Monday, February 27, 2023

Credit Card Company Seeks to “Discover” (and Report) Your Gun-Related Purchases

What’s in your wallet? If it’s a Discover credit card, be advised that it will soon be used to monitor your gun-related purchases and potentially report them to the government. Earlier this month, Discover was the first major credit card issuer to announce that it will implement a new merchant category code (MCC) created to track purchases at gun stores with the express purpose of monitoring and reporting to authorities any activity the company considers “suspicious.” Discover told news outlet Reuters that it would begin its surveillances of gun shop purchases in April.

We have been reporting on development of the new MCC for some time now, including here, here, and here. Discover, however, was the first credit card company to publicly announce a timeframe for its implementation.

Noticeably absent from Discover’s statement was any explanation of how the company will determine which purchases are sufficiently “suspicious” to warrant reporting or what information, if any, customers will be provided when they have triggered an alert.

Use of the MCC can only inform a credit card company that a certain amount of money was spent at what is considered a firearm retailer. It cannot be used to track what was actually bought, much less determine why the purchase was made. Thus, the program inherently poses a risk to consumers of needlessly intrusive and harassing consequences for completely lawful and innocent conduct. 

As we report elsewhere this week in the context of a California bill that seeks to financially starve firearm industry members, gun controllers increasingly consider any commercial activity related to the Second Amendment intolerable. That bill, and comments by its sponsor, demonstrate that activists are ready to drop the pretense that they are only targeting bad actors and now simply wish to suppress any firearm-related commerce by any means possible.

Yet even assuming the program is administered in good faith (NOT a safe assumption, considering its activist origins), it’s doubtful a typical credit card executive has sufficient knowledge or experience with firearms and gun shops to have any concept of what is and is not within “normal” bounds. That would be like asking a plumber from Nebraska to judge whether a Wall Street financier spent a “reasonable” amount of money on cigars or in a luxury day spa at Lake Tahoe or Monaco.

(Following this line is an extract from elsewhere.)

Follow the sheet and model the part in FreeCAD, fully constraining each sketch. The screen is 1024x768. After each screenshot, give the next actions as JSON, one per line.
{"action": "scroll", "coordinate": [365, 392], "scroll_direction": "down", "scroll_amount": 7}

Discover claimed in its comments to Reuters that it was merely “following th[e] lead” of other credit card issuers that “had already decided to implement the new code in April.” No such company, however, would admit as much to Reuters. It may be that as the credit card industry takes a closer look at operationalizing the scheme, executives will understand it is unworkable, unwise, and eminently un-American.

In the meantime, the plan’s obvious practical and privacy-related problems have caught the attention of policy-makers, and some are taking action. A trio of Florida Republicans – including Agricultural Commissioner Wilton Simpson, Sen. Danny Burgess, and Rep. John Snyder – have put forward the Florida Arms and Ammo Act to block implementation of the new MCC in the “Gunshine State.” In announcing the legislation, Sen. Burgess stated: ““This is the United States of America. You don’t get penalized for exercising a Constitutional right. The Second Amendment is nonnegotiable, and here in Florida, we are going to fight to protect the rights of Floridians.” The bill last week advanced out of committee in the Florida Senate.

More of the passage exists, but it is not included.